How do I perform different types of SQL-style joins like inner, outer, left, and right joins on data frames in R?

anjuyadav.1398 · June 11, 2025, 6:30pm

I have two data frames in R, df1 and df2, and I want to join them in ways similar to SQL joins:

Inner join: only rows with matching keys in both data frames.

Outer join: all rows from both data frames, matched where possible.

Left join: all rows from df1, with matching rows from df2.

Right join: all rows from df2, with matching rows from df1.

How can I do these joins in R using these two data frames?

Rashmihasija · June 21, 2025, 10:47am

Hey @anjuyadav.1398 , I’ve been working with joins in R for quite a while, and honestly, I find that the dplyr package makes SQL-style joins super straightforward. For your two data frames, df1 and df2, here’s how I’d go about it:

Inner join: inner_join(df1, df2, by = "key")
Left join: left_join(df1, df2, by = "key")
Right join: right_join(df1, df2, by = "key")
Full outer join: full_join(df1, df2, by = "key")
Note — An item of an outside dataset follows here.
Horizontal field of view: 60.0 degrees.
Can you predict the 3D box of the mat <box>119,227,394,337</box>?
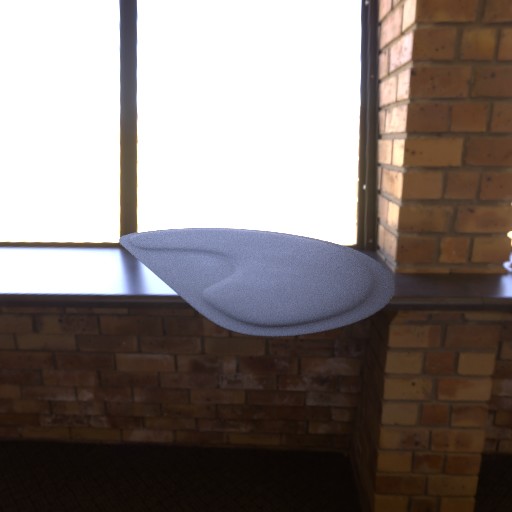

These functions mimic SQL joins perfectly, and the syntax is really clean and intuitive. Plus, the nice thing about dplyr is how it handles the merging logic smoothly, saving you from dealing with any tricky edge cases.

emma-crepeau · June 21, 2025, 10:48am

Totally agree with you, @Rashmihasija ! When I first started with joins in R, I relied heavily on base R’s merge() function. It’s still a solid option, especially if you want to avoid extra dependencies. Here’s how you can perform SQL-style joins using base R:

Inner join: merge(df1, df2, by = "key")
Left join: merge(df1, df2, by = "key", all.x = TRUE)
Right join: merge(df1, df2, by = "key", all.y = TRUE)
Full outer join: merge(df1, df2, by = "key", all = TRUE)

Though merge() works well, I’ve shifted to dplyr over time because of the cleaner and more readable syntax, especially for operations like the left join r. But, honestly, for smaller datasets, merge() gets the job done just fine.

Rashmihasija · June 21, 2025, 10:48am

Good point, @emma-crepeau ! I’ve definitely used merge() before, but lately, I’ve been all about performance with larger datasets, so I’ve turned to the data.table package. It’s a game-changer, especially when handling huge data frames. Here’s how I perform SQL-style joins in data.table:

First, you’ll want to convert your data frames into data.table objects: setDT(df1); setDT(df2)

Inner join: df1[df2, on = "key", nomatch = 0]
Left join: df1[df2, on = "key"]
Right join: df2[df1, on = "key"]

As for outer join in data.table, it’s a bit more work, but you can still use merge() with the all = TRUE argument, or you could use more specific data.table syntax.

Overall, if you’re working with large datasets, data.table is blazing fast and efficient. It really shines when you need speed alongside SQL-style joins, like a left join r, but if you’re working with smaller data or want simplicity, dplyr or even merge() are great options.